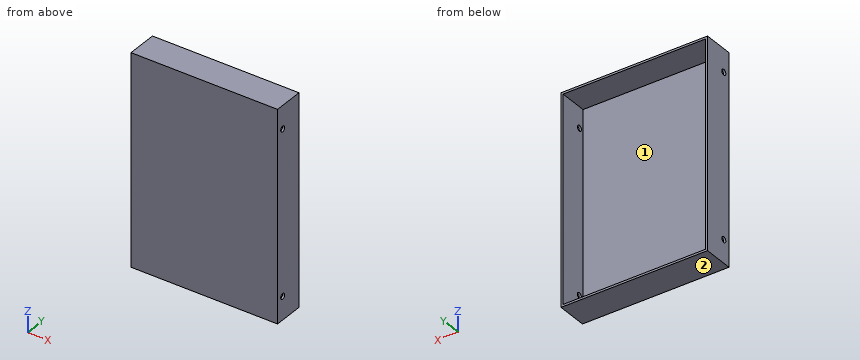
```python
from build123d import *

# Parameters (mm, degrees)
SKETCH1_W               = 350
SKETCH1_H               = 500
BOSS_EXTRUDE1_DEPTH     = 72.5
SHELL1_T                = -5
CUT_EXTRUDE1_DEPTH      = 437.183734222
CUT_EXTRUDE1_DEPTH_BACK = 437.183734222
SKETCH2_R               = 6.723131081


with BuildPart() as part:
    # Sketch1 → Boss-Extrude1 (new body)
    with BuildSketch(Plane(origin=(0, 0, 0), x_dir=(1, 0, 0), z_dir=(0, 1, 0))):
        Rectangle(SKETCH1_W, SKETCH1_H)
    extrude(amount=BOSS_EXTRUDE1_DEPTH)

    # Shell1
    shell1_openings = [part.faces().sort_by_distance(p)[0] for p in [
        (0, 72.5, 0),
    ]]
    offset(amount=SHELL1_T, openings=shell1_openings, kind=Kind.INTERSECTION)

    # Sketch2 → Cut-Extrude1 (cut, two sides: drawn at the far end of the back side and taken through both)
    with BuildSketch(Plane(origin=(175, 0, 0), x_dir=(0, 0, -1), z_dir=(1, 0, 0)).offset(-CUT_EXTRUDE1_DEPTH_BACK)):
        with Locations((-195, 17.5)):
            Circle(SKETCH2_R)
        with Locations((195, 17.5)):
            Circle(SKETCH2_R)
    extrude(amount=CUT_EXTRUDE1_DEPTH + CUT_EXTRUDE1_DEPTH_BACK, mode=Mode.SUBTRACT)


solid = part.part
```
Check sheet for the modelled part. Datum: model origin and axes. Units: mm. Face numbers are marked on the shaded views. A direction names the side the tool comes from. Coordinates: 2 decimals unless noted, no trailing zeros. Order: outer loops, then holes, each group sorted by start corner. A loop starts at its lowest first (then second) coordinate and runs counter-clockwise, first axis right, second up. Notation, with made-up numbers: M -40,48.5 L 8,48.5 A8 ccw 8,56.5 Z; hole C 80.25,-13.5 d6. An arc over 180 degrees is marked long. One line per question, with ' | ' between items. Start each with the question number.
Item 1: Gauge pin test, flat ends, axial feed: P1, Ø12, axis at y = 17.5, z = -195, coming from the +X side; P2, Ø6, axis at x = 70, z = 74.5, coming from the +Y side. Record the tip position at first contact, or that the pin passes through.
Item 2: Material ranges on line 1 (Z direction, x = -172.7, y = 17.5); line 2 (X direction, y = 33.5, z = -178); line 3 (Y direction, x = 171, z = -195), recorded low to high.
Item 3: Sectioned sample at B-B on y = 17.5. Record the cut outline in (x, z), and give its area (3 significant figures).
Item 4: Sectioned sample at D-D on y = 61. Record the cut outline in (x, z).
Item 5: Sectioned sample at C-C on x = -9.5. Record the cut outline in (y, z), and give its area (4 significant figures).
Item 6: Sectioned sample at A-A on z = -195. Record the cut outline in (x, y), and give its area (3 significant figures).
Item 7: Access from +Z, -Z, +X, -X, +Y, -Y to the whole of each face (thin tool, end or side, straight path). Record for the marked faces 1 and 2.
Answer below:
1) P1: passes through | P2: stops at y = 5
2) line 1: z = -250 to -201.72, -188.28 to 188.28, 201.72 to 250 | line 2: x = -175 to -170, 170 to 175 | line 3: y = 0 to 10.78, 24.22 to 72.5
3) outline: M -175,-250 L 175,-250 L 175,-201.72 L 170,-201.72 L 170,-245 L -170,-245 L -170,-201.72 L -175,-201.72 Z; M -175,-188.28 L -170,-188.28 L -170,188.28 L -175,188.28 Z; M -175,201.72 L -170,201.72 L -170,245 L 170,245 L 170,201.72 L 175,201.72 L 175,250 L -175,250 Z; M 170,-188.28 L 175,-188.28 L 175,188.28 L 170,188.28 Z | area: 8,130 mm^2
4) outline: M -175,-250 L 175,-250 L 175,250 L -175,250 Z; hole M -170,-245 L 170,-245 L 170,245 L -170,245 Z
5) outline: M 0,-250 L 72.5,-250 L 72.5,-245 L 5,-245 L 5,245 L 72.5,245 L 72.5,250 L 0,250 Z | area: 3,175 mm^2
6) outline: M -175,0 L 175,0 L 175,10.78 L 170,10.78 L 170,5 L -170,5 L -170,10.78 L -175,10.78 Z; M -175,24.22 L -170,24.22 L -170,72.5 L -175,72.5 Z; M 170,24.22 L 175,24.22 L 175,72.5 L 170,72.5 Z | area: 2,290 mm^2
7) face 1: +Y | face 2: -Z, +X, -X, +Y, -Y
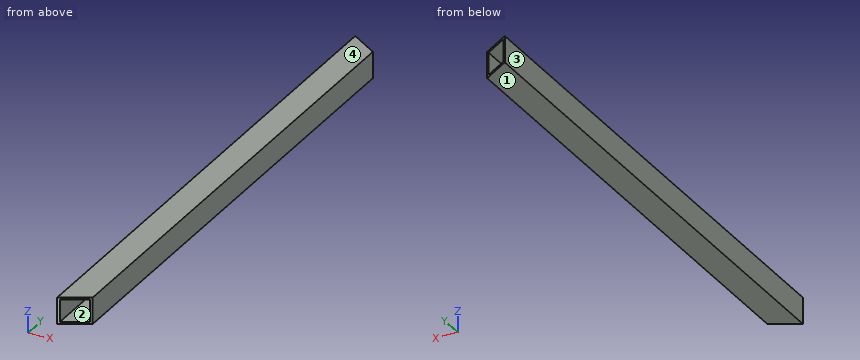
```python
from build123d import *

# Parameters (mm, degrees)
SKETCH4_W           = 13
SKETCH4_H           = 13
SKETCH4_W_2         = 11
SKETCH4_H_2         = 11
BOSS_EXTRUDE1_DEPTH = 250
CUT_EXTRUDE1_DEPTH  = 14


with BuildPart() as part:
    # Sketch4 → Boss-Extrude1 (new body)
    with BuildSketch(Plane(origin=(0, 0, 0), x_dir=(1, 0, 0), z_dir=(0, 1, 0))):
        with Locations((0.382825357, -0.030567938)):
            Rectangle(SKETCH4_W, SKETCH4_H)
        with Locations((0.382825357, -0.030567938)):
            Rectangle(SKETCH4_W_2, SKETCH4_H_2, mode=Mode.SUBTRACT)
    extrude(amount=BOSS_EXTRUDE1_DEPTH)

    # Sketch5 → Cut-Extrude1 (cut, through all)
    with BuildSketch(Plane.XY.offset(6.530567938)):
        Polygon((6.882825357, 0), (6.882825357, 7.505553499), (-6.117174643, 0), align=None)
        Polygon((6.882825357, 250), (-6.117174643, 250), (6.882825357, 242.494446501), align=None)
    extrude(amount=-CUT_EXTRUDE1_DEPTH, mode=Mode.SUBTRACT)


solid = part.part
```
Can you work these out from the model? Positions are in its coordinate system, mm. Face numbers are marked on the shaded views. Coordinates: 2 decimals unless noted, no trailing zeros. Order: outer loops, then holes, each group sorted by start corner. A loop starts at its lowest first (then second) coordinate and runs counter-clockwise, first axis right, second up.
1. If we section it at C-C (y = 123.5): Please give me the cut outline in (x, z), then the cut area to 3 significant figures.
2. If we section it at B-B (x = -1): Please give me the cut outline in (y, z), then the cut area to 3 significant figures.
3. If we section it at A-A (z = -0.5): Please give me the cut outline in (x, y).
4. I need wall thicknesses on line 1 (Z direction, x = -5, y = 29); line 2 (X direction, y = 232.5, z = -0.25); line 3 (Y direction, x = -1.25, z = 6). Which ranges of each line are inside material? Lowest first, please.
5. Thinking about a two-plate mould opening in Z: for the marked faces 1, 2, 3 and 4, which applies, +Z half, -Z half, draft (parallel to the pull), parting line (faces both ways), or undercut?
Entries:
1. outline: (-6.12, -6.47) - (6.88, -6.47) - (6.88, 6.53) - (-6.12, 6.53) - close; hole (-5.12, -5.47) - (5.88, -5.47) - (5.88, 5.53) - (-5.12, 5.53) - close
1. area: 48.0 mm2
2. outline: (2.95, -6.47) - (247.05, -6.47) - (247.05, -5.47) - (2.95, -5.47) - close; (2.95, 5.53) - (247.05, 5.53) - (247.05, 6.53) - (2.95, 6.53) - close
2. area: 488 mm2
3. outline: (-6.12, 0) - (-5.12, 0.58) - (-5.12, 249.42) - (-6.12, 250) - close; (5.88, 6.93) - (6.88, 7.51) - (6.88, 242.49) - (5.88, 243.07) - close
4. line 1: z = -6.47 to -5.47, 5.53 to 6.53
4. line 2: x = -6.12 to -5.12, 5.88 to 6.88
4. line 3: y = 2.81 to 247.19
5. face 1: -Z half
5. face 2: undercut
5. face 3: draft
5. face 4: +Z half
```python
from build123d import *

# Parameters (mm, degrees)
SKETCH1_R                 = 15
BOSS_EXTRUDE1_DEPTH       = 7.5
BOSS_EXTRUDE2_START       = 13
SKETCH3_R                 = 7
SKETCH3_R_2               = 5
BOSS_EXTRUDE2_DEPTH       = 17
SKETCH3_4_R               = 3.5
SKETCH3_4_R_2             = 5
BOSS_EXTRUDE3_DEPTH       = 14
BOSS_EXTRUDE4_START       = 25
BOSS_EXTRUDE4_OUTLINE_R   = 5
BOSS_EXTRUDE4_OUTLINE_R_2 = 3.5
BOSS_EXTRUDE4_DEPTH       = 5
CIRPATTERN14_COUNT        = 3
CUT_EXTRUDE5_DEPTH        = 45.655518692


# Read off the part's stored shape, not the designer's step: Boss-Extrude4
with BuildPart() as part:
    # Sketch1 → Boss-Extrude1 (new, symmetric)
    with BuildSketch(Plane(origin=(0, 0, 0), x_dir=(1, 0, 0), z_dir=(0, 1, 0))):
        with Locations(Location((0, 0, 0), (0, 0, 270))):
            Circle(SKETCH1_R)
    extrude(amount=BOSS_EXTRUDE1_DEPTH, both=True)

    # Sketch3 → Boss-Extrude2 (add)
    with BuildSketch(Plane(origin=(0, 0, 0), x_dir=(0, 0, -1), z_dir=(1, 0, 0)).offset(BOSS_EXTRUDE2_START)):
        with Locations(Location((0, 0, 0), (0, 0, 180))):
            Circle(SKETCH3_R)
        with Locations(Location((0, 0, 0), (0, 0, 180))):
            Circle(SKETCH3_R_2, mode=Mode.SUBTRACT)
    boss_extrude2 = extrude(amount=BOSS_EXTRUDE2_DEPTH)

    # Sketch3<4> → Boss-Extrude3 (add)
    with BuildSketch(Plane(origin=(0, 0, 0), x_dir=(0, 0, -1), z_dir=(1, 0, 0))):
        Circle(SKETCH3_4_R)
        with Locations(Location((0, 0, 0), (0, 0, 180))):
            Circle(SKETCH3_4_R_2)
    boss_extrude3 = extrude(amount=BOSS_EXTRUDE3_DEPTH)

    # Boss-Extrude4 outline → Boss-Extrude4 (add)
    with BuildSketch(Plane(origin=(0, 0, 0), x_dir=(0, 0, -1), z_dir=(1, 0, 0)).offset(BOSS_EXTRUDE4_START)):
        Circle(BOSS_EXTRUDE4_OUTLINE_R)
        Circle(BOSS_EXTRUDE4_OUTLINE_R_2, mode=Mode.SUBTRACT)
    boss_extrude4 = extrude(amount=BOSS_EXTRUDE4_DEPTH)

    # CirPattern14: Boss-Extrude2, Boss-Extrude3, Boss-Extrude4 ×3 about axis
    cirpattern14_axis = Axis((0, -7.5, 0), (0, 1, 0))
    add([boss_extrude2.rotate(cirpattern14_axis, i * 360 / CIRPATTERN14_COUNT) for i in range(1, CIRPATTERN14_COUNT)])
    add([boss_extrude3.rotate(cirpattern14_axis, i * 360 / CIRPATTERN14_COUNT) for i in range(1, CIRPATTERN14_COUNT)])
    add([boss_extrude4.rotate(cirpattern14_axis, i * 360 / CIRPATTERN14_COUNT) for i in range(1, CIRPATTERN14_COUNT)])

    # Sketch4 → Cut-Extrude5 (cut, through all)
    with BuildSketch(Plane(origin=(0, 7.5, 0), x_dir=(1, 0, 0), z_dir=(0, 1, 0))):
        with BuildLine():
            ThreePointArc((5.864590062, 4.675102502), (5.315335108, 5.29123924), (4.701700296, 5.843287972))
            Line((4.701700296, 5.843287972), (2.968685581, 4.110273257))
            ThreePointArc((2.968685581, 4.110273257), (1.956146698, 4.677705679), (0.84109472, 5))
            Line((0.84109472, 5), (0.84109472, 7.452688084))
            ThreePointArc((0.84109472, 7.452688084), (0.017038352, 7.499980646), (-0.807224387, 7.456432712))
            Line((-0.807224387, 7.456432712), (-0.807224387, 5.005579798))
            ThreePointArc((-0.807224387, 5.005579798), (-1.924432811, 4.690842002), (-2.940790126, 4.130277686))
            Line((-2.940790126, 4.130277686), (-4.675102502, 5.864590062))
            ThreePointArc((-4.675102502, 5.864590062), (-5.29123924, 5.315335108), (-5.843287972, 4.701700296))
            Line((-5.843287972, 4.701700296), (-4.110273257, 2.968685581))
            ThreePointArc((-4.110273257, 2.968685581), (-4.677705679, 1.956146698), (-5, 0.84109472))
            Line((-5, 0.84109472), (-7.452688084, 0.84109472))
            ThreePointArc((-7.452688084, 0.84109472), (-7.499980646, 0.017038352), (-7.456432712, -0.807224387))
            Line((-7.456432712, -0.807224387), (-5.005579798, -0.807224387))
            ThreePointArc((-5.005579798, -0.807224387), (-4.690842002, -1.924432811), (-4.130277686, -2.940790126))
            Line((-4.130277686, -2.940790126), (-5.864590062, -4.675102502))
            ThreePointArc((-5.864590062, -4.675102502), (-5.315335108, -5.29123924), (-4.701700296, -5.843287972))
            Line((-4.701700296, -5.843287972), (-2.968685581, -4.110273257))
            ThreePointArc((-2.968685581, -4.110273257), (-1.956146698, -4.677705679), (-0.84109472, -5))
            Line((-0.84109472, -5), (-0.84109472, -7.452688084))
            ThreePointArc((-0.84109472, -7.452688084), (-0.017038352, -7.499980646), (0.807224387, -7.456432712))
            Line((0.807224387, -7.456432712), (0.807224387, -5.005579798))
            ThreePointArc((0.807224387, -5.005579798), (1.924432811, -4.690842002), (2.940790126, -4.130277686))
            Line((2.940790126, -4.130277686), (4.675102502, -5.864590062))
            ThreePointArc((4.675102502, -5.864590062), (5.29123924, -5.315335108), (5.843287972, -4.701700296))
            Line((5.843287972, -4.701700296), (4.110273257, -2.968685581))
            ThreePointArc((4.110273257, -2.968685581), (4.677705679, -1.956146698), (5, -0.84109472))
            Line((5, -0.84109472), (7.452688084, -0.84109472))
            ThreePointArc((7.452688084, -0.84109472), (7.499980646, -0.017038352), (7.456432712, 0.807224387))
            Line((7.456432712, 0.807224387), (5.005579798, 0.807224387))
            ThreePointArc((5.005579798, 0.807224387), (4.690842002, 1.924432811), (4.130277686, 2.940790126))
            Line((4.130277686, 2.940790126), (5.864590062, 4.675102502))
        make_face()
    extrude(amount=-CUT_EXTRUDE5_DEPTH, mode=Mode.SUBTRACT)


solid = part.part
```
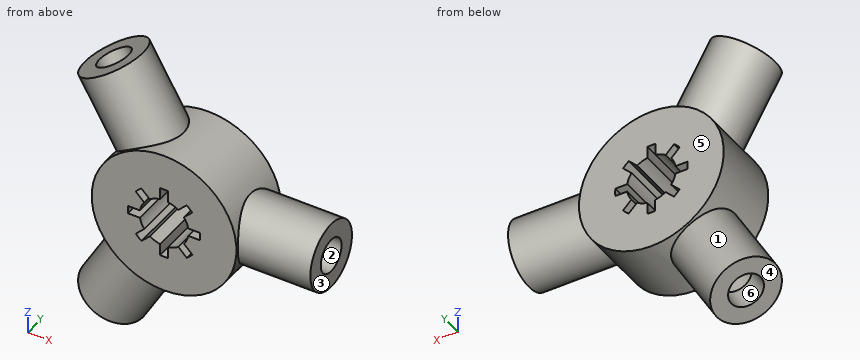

########

**EXERCISE AIM**
All lines in the listing above with the string "numbers" should be returned.

**FINISHED EXERCISE**
Check sheet for the modelled part. Datum: model origin and axes. Units: mm. Face numbers are marked on the shaded views. A direction names the side the tool comes from. Coordinates: 2 decimals unless noted, no trailing zeros. Order: outer loops, then holes, each group sorted by start corner. A loop starts at its lowest first (then second) coordinate and runs counter-clockwise, first axis right, second up. Notation, with made-up numbers: M -40,48.5 L 8,48.5 A8 ccw 8,56.5 Z; hole C 80.25,-13.5 d6. An arc over 180 degrees is marked long. One line per question, with ' | ' between items. Start each with the question number.
Can you work these out from the model? Positions are in its coordinate system, mm. Face numbers are marked on the shaded views. Coordinates: 2 decimals unless noted, no trailing zeros. Order: outer loops, then holes, each group sorted by start corner. A loop starts at its lowest first (then second) coordinate and runs counter-clockwise, first axis right, second up.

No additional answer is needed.